Le troisième accord toltèque

Lire le premier et le deuxième article de cette série de quatre si ce n’est déjà fait.

Ce troisième accord est celui qu’on peut facilement omettre d’appliquer tellement les situations se multiplient rapidement sans trop de conséquences immédiates, du moins en apparence.

3. Ne faites pas de supposition
Ayez le courage de poser des questions et d’exprimer vos vrais désirs. Communiquez clairement avec les autres pour éviter tristesse, malentendus et drames.

L’humain est une bête intelligente et tirer des conclusions logiques après une certaine réflexion fait partie d’un processus normal afin de comprendre des mystères ou plus simplement des non-dits.

Pourtant, ce processus exige au préalable d’avoir accumulé le plus d’informations possible sur le sujet en question. Pour combler les trous, il existe quelques solutions.

La première possibilité consiste à le demander directement aux personnes concernées. C’est l’idée émise par ce troisième accord. Malheureusement, parfois on cherche à cacher notre intérêt à comprendre une chose. Ou on redoute les mensonges que peut provoquer notre question directe et tant qu’à obtenir un faux renseignement, on en conclut souvent à tort qu’il vaut mieux se rabattre sur une autre méthode.

La deuxième façon de se renseigner est indirecte. Il faut trouver quelqu’un d’autre qui pourrait connaitre ce qu’on cherche à apprendre. D’abord, ion doit dénicher cet individu et rien n’est moins sûr qu’il voudra nous répondre. Et les mêmes désavantages que précédemment continuent de planer. Sera-t-il totalement honnête ? Que fera-t-il ensuite ? Ira-t-il bavasser ? Et le fait que cette source plus ou moins fiable pourrait ignorer une bonne partie de la réponse nous convainc généralement de trouver un autre moyen.
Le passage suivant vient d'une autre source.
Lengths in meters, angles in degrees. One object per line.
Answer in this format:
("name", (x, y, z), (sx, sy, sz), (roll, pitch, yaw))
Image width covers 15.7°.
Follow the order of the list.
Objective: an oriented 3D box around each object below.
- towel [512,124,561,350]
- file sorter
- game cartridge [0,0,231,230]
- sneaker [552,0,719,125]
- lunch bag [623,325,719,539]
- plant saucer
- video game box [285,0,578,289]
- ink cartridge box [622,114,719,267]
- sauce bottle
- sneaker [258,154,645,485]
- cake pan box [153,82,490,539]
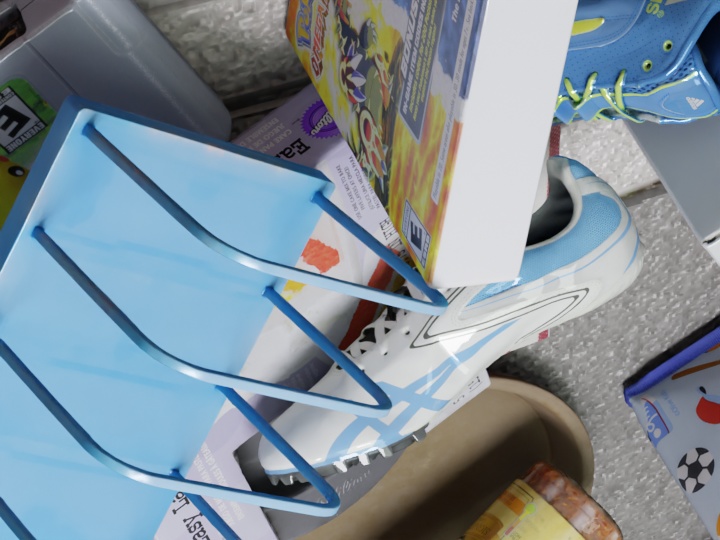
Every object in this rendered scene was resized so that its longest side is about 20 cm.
("towel", (0.000, 0.000, 1.244), (0.200, 0.023, 0.144), (-14, 132, -18))
("file sorter", (-0.079, 0.058, 1.040), (0.139, 0.123, 0.200), (15, 108, -42))
("game cartridge", (-0.159, -0.036, 1.122), (0.200, 0.040, 0.133), (-36, 139, 7))
("sneaker", (0.098, -0.096, 1.148), (0.200, 0.105, 0.076), (-35, 135, 5))
("lunch bag", (0.269, 0.086, 1.350), (0.200, 0.170, 0.124), (-37, 138, 6))
("plant saucer", (0.026, 0.124, 1.362), (0.200, 0.029, 0.200), (-14, 134, -15))
("video game box", (0.027, -0.126, 1.031), (0.047, 0.182, 0.200), (-6, 131, -18))
("ink cartridge box", (0.203, -0.032, 1.229), (0.083, 0.145, 0.200), (-36, 136, 10))
("sauce bottle", (0.046, 0.186, 1.329), (0.200, 0.066, 0.066), (-45, 136, -8))
("sneaker", (0.033, 0.023, 1.158), (0.200, 0.072, 0.073), (-36, 102, -6))
("cake pan box", (-0.044, 0.037, 1.179), (0.184, 0.052, 0.200), (-34, 136, -13))
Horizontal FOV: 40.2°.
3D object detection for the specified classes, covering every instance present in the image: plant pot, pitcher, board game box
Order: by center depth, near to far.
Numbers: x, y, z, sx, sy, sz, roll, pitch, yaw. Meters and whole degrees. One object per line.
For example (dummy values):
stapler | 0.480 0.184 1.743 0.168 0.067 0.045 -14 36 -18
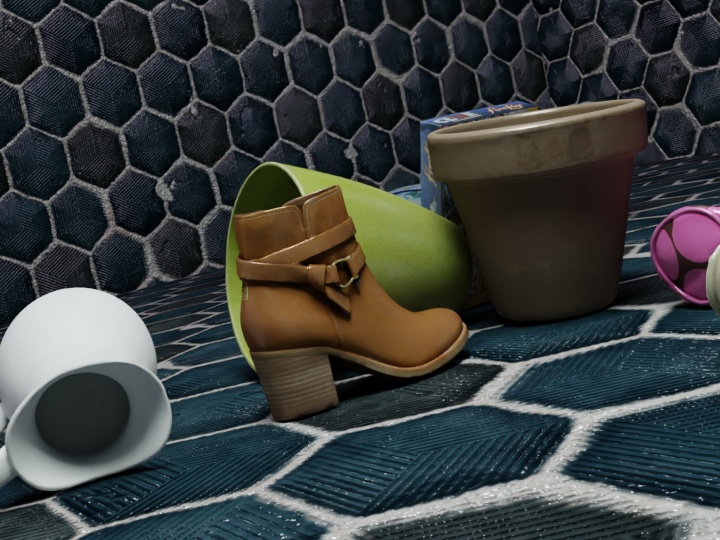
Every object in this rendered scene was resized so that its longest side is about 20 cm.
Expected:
pitcher | -0.230 0.095 0.726 0.169 0.123 0.200 -24 19 -11
plant pot | 0.168 -0.053 0.890 0.197 0.178 0.200 -10 9 2
plant pot | 0.000 0.000 0.920 0.197 0.191 0.186 0 -2 -32
board game box | 0.124 -0.065 1.027 0.134 0.203 0.034 -16 25 -33

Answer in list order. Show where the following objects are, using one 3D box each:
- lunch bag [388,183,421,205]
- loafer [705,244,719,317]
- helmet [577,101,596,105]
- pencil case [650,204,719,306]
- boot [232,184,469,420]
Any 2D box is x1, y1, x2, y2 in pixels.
lunch bag | 0.144 -0.146 2.302 0.197 0.129 0.170 -22 3 10
loafer | 0.282 0.006 0.625 0.197 0.077 0.068 -5 -1 -32
helmet | 0.338 -0.159 1.595 0.197 0.193 0.200 19 -11 4
pencil case | 0.335 -0.033 0.812 0.198 0.091 0.094 -19 -27 -35
boot | -0.007 0.012 0.763 0.197 0.158 0.076 -15 5 -28
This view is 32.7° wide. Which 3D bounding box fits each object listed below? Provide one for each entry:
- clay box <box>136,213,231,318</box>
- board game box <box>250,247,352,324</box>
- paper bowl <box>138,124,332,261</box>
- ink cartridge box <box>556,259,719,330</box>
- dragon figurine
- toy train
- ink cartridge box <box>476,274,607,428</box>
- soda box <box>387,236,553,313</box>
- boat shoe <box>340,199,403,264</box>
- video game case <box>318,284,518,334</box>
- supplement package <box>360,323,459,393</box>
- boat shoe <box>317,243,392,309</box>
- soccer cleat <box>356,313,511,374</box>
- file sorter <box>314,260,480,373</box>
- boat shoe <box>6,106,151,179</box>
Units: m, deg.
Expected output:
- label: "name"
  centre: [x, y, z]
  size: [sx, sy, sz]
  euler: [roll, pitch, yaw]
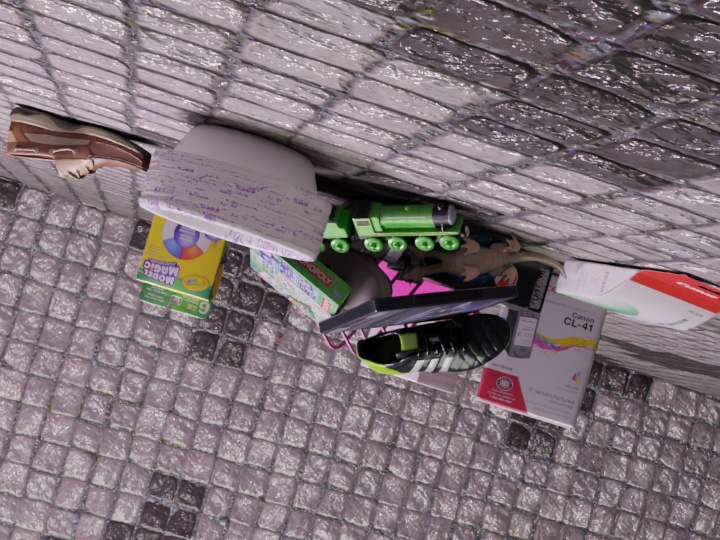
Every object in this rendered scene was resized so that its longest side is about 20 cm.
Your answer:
- label: "clay box"
  centre: [-0.249, -0.040, 1.783]
  size: [0.114, 0.202, 0.048]
  euler: [15, 176, 5]
- label: "board game box"
  centre: [-0.076, 0.009, 1.497]
  size: [0.134, 0.029, 0.200]
  euler: [38, 168, 3]
- label: "paper bowl"
  centre: [-0.127, -0.087, 1.303]
  size: [0.199, 0.105, 0.201]
  euler: [16, 177, 1]
- label: "ink cartridge box"
  centre: [0.356, 0.036, 1.453]
  size: [0.160, 0.051, 0.199]
  euler: [19, 178, -32]
- label: "dragon figurine"
  centre: [0.142, -0.014, 1.465]
  size: [0.198, 0.060, 0.099]
  euler: [-4, -176, -21]
- label: "toy train"
  centre: [0.023, -0.051, 1.371]
  size: [0.198, 0.042, 0.057]
  euler: [-1, 137, 21]
- label: "ink cartridge box"
  centre: [0.261, 0.109, 1.747]
  size: [0.146, 0.202, 0.086]
  euler: [15, 176, 11]
- label: "soda box"
  centre: [0.139, -0.004, 1.563]
  size: [0.198, 0.064, 0.071]
  euler: [19, 176, -19]
- label: "boat shoe"
  centre: [0.006, -0.050, 1.497]
  size: [0.065, 0.074, 0.200]
  euler: [13, 176, -16]
- label: "video game case"
  centre: [0.068, 0.046, 1.462]
  size: [0.198, 0.019, 0.143]
  euler: [-6, 170, -30]
- label: "supplement package"
  centre: [0.099, 0.068, 1.852]
  size: [0.113, 0.202, 0.109]
  euler: [14, 175, 37]
- label: "boat shoe"
  centre: [0.000, 0.000, 1.573]
  size: [0.092, 0.075, 0.199]
  euler: [-4, -160, -36]
- label: "soccer cleat"
  centre: [0.089, 0.094, 1.532]
  size: [0.198, 0.068, 0.081]
  euler: [-13, 162, 25]
- label: "file sorter"
  centre: [0.039, 0.047, 1.693]
  size: [0.199, 0.126, 0.140]
  euler: [11, 139, 44]
- label: "boat shoe"
  centre: [-0.372, -0.155, 1.609]
  size: [0.198, 0.075, 0.076]
  euler: [16, 177, 11]
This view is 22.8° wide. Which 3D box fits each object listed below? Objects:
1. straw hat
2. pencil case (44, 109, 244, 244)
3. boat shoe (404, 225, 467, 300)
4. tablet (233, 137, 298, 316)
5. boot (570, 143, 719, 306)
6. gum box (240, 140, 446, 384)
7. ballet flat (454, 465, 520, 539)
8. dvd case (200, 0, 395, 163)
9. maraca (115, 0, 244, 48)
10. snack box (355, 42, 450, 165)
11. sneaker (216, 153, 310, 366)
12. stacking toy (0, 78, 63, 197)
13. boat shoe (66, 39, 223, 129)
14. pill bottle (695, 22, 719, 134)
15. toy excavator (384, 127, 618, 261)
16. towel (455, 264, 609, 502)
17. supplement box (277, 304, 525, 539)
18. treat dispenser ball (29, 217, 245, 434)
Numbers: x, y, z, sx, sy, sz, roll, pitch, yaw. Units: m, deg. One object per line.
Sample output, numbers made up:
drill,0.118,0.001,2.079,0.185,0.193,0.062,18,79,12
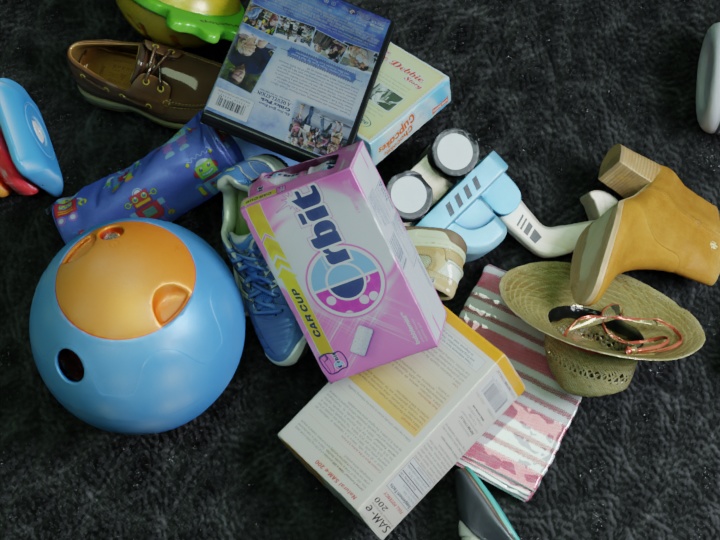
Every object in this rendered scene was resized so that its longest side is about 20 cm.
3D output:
straw hat,0.218,0.073,1.687,0.199,0.201,0.086,12,115,3
pencil case,-0.206,-0.078,1.740,0.199,0.087,0.078,-31,115,9
boat shoe,0.000,0.000,1.693,0.199,0.072,0.077,-1,62,25
tablet,-0.066,-0.060,1.769,0.129,0.014,0.202,-5,88,0
boot,0.284,-0.019,1.718,0.143,0.071,0.202,32,52,-16
gum box,-0.016,-0.011,1.614,0.113,0.066,0.201,-19,111,19
ballet flat,0.138,0.277,1.668,0.073,0.073,0.200,-39,81,-11
dvd case,-0.056,-0.191,1.703,0.142,0.018,0.201,22,54,-4
maraca,-0.174,-0.270,1.782,0.136,0.108,0.200,-3,32,-36
snack box,-0.021,-0.192,1.767,0.200,0.037,0.116,35,62,29
sneaker,-0.096,-0.007,1.678,0.075,0.077,0.202,-13,89,33
stacking toy,-0.405,-0.097,1.765,0.199,0.116,0.110,-24,74,7
boat shoe,-0.204,-0.190,1.774,0.199,0.068,0.072,11,72,21
pill bottle,0.442,-0.186,1.783,0.198,0.112,0.113,4,73,1
toy excavator,0.135,-0.054,1.762,0.194,0.100,0.200,-43,92,-13
towel,0.144,0.107,1.740,0.146,0.030,0.201,26,74,8
supplement box,0.039,0.133,1.676,0.200,0.074,0.126,-45,53,-7
treat dispenser ball,-0.207,0.051,1.659,0.199,0.201,0.203,0,73,-1
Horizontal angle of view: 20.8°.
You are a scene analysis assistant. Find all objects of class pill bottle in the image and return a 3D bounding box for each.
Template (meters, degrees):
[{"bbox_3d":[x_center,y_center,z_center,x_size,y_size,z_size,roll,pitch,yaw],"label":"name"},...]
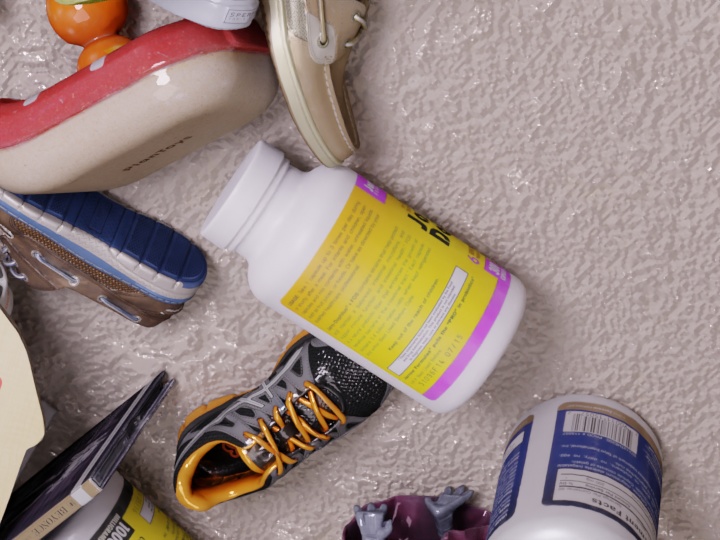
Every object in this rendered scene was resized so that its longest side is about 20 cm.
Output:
[{"bbox_3d":[0.000,0.000,1.265,0.200,0.104,0.104,33,121,-9],"label":"pill bottle"},{"bbox_3d":[-0.153,0.245,1.439,0.200,0.112,0.112,44,119,-15],"label":"pill bottle"},{"bbox_3d":[0.138,0.179,1.286,0.111,0.200,0.111,6,121,9],"label":"pill bottle"}]

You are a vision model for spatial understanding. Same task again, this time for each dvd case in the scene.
[{"bbox_3d":[-0.221,0.161,1.382,0.200,0.149,0.016,-39,100,28],"label":"dvd case"}]

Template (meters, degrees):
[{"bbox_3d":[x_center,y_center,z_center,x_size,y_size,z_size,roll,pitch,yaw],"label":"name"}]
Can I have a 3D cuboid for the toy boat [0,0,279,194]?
[{"bbox_3d":[-0.159,-0.128,1.229,0.200,0.131,0.131,-25,82,23],"label":"toy boat"}]

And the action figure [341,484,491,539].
[{"bbox_3d":[0.046,0.258,1.393,0.134,0.149,0.200,4,107,3],"label":"action figure"}]

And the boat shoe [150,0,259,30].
[{"bbox_3d":[-0.138,-0.207,1.173,0.200,0.072,0.062,26,113,21],"label":"boat shoe"}]

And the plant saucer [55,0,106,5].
[{"bbox_3d":[-0.075,-0.243,1.104,0.200,0.200,0.048,-11,156,11],"label":"plant saucer"}]

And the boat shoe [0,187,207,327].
[{"bbox_3d":[-0.205,-0.022,1.314,0.200,0.072,0.072,32,123,-8],"label":"boat shoe"}]

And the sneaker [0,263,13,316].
[{"bbox_3d":[-0.328,-0.004,1.352,0.200,0.074,0.080,25,167,12],"label":"sneaker"}]

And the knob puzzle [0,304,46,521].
[{"bbox_3d":[-0.303,0.076,1.296,0.220,0.030,0.220,-1,102,-3],"label":"knob puzzle"}]

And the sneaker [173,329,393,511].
[{"bbox_3d":[-0.052,0.106,1.356,0.200,0.077,0.078,-36,106,26],"label":"sneaker"}]

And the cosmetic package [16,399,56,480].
[{"bbox_3d":[-0.366,0.133,1.412,0.200,0.123,0.199,37,121,-10],"label":"cosmetic package"}]

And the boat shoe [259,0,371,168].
[{"bbox_3d":[-0.025,-0.158,1.197,0.065,0.072,0.200,-13,112,6],"label":"boat shoe"}]
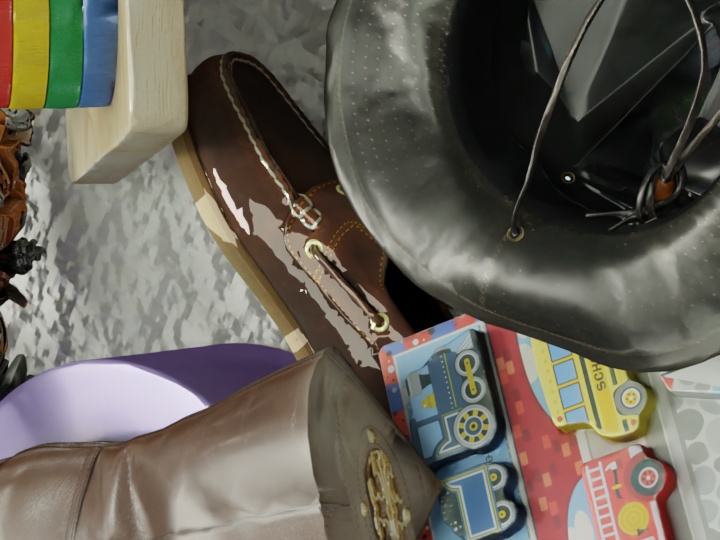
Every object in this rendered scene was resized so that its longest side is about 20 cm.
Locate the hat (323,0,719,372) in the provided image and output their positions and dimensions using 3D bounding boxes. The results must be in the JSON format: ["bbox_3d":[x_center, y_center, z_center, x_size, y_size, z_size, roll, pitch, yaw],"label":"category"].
[{"bbox_3d":[0.088,-0.067,0.707,0.200,0.081,0.201,4,96,37],"label":"hat"}]

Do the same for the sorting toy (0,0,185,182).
[{"bbox_3d":[-0.115,-0.140,0.813,0.199,0.070,0.200,167,101,-76],"label":"sorting toy"}]

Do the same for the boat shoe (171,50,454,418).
[{"bbox_3d":[0.000,0.000,0.822,0.070,0.070,0.200,-35,79,29],"label":"boat shoe"}]

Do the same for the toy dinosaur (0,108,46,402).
[{"bbox_3d":[-0.183,0.014,0.901,0.102,0.200,0.136,31,139,18],"label":"toy dinosaur"}]

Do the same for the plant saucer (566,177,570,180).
[{"bbox_3d":[0.124,-0.040,0.749,0.200,0.027,0.200,3,95,38],"label":"plant saucer"}]

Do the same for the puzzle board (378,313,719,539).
[{"bbox_3d":[0.089,0.089,0.705,0.151,0.017,0.200,-23,64,23],"label":"puzzle board"}]

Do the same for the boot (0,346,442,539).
[{"bbox_3d":[-0.054,0.134,0.771,0.200,0.064,0.187,-16,83,34],"label":"boot"}]

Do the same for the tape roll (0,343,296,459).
[{"bbox_3d":[-0.068,0.130,0.869,0.200,0.085,0.200,2,94,37],"label":"tape roll"}]
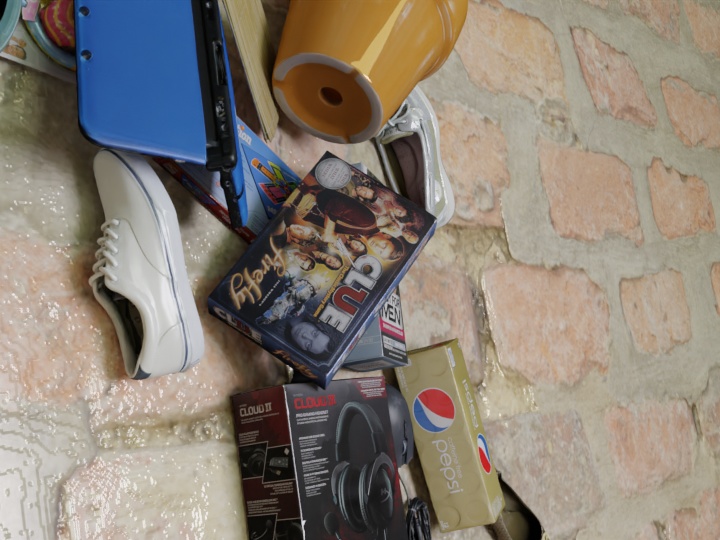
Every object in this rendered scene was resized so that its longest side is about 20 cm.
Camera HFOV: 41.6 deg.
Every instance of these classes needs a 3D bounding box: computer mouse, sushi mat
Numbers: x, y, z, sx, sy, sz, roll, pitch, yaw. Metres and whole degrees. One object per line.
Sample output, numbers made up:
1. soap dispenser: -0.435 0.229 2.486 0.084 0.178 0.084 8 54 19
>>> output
1. computer mouse: 0.050 0.220 1.030 0.058 0.034 0.203 -18 92 -53
2. sushi mat: -0.107 -0.232 0.937 0.201 0.012 0.097 76 15 -48

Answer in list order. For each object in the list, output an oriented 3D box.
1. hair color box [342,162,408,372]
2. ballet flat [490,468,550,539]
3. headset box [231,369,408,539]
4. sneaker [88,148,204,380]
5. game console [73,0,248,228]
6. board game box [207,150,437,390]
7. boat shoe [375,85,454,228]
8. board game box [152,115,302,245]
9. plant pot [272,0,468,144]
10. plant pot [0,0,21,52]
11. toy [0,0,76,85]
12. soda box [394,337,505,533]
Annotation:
1. hair color box: 0.000 0.000 1.003 0.099 0.060 0.203 31 50 -70
2. ballet flat: 0.185 0.297 1.158 0.201 0.046 0.068 52 43 -25
3. headset box: -0.037 0.188 0.902 0.148 0.077 0.203 4 75 -50
4. sneaker: -0.189 -0.007 0.788 0.070 0.073 0.203 -18 87 -45
5. game console: -0.171 -0.153 0.830 0.171 0.116 0.203 91 -10 -63
6. board game box: -0.033 -0.006 0.904 0.134 0.035 0.201 31 64 10
7. boat shoe: 0.056 -0.142 1.140 0.065 0.074 0.205 -34 111 -55
8. board game box: -0.114 -0.087 0.951 0.200 0.019 0.104 44 47 -32
9. plant pot: -0.005 -0.243 1.008 0.200 0.199 0.185 45 53 -31
10. plant pot: -0.321 -0.156 0.580 0.199 0.194 0.203 23 60 -45
11. toy: -0.255 -0.225 0.805 0.199 0.047 0.117 13 68 -48
12. soda box: 0.100 0.184 1.067 0.064 0.067 0.203 -10 85 -70
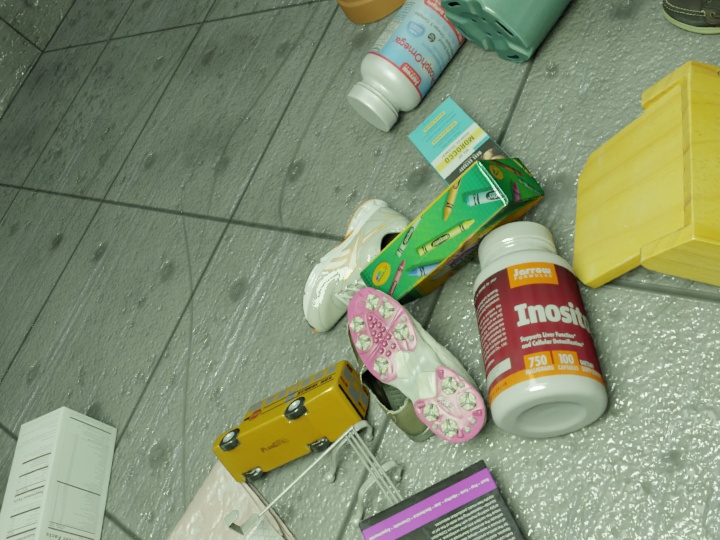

La troisième solution consiste à attendre et à accumuler les infos en restant vigilant et attentif aux moindres bribes. Mais qui veut patienter avant d’en savoir (peut-être) davantage ?

On se rabat alors sur la quatrième possibilité qui consiste à combler les trous par notre propre logique et c’est là où les suppositions entrent en jeu avec tout leur lot de problèmes.

Qu’on le veuille ou non, on a tous un côté orgueilleux, le même qui nous empêche de poser des questions directes. À la longue, il finit par développer une tendance paranoïde apte à générer tous les types de thèses, de la plus plausible à la plus délirante.

Prendre conscience de nos supputations exige une grande introspection et la capacité de déclencher des alarmes lorsque notre imagination cherche à nous faire échouer au test de l’application du troisième accord toltèque.

Depuis que j’ose éviter les suppositions et qu’au contraire je pose les bonnes questions, mon estime personnelle n’a pas diminué. Je ne me sens pas moins intelligent et mes interlocuteurs non plus. Les gens sentent qu’on cherche à valider une hypothèse et il leur incombe de nous répondre intelligemment, c’est-à-dire avec franchise.

Dans le cas contraire, ils savent que j’attendrai leur dérapage dans la courbe de leur prochain mensonge.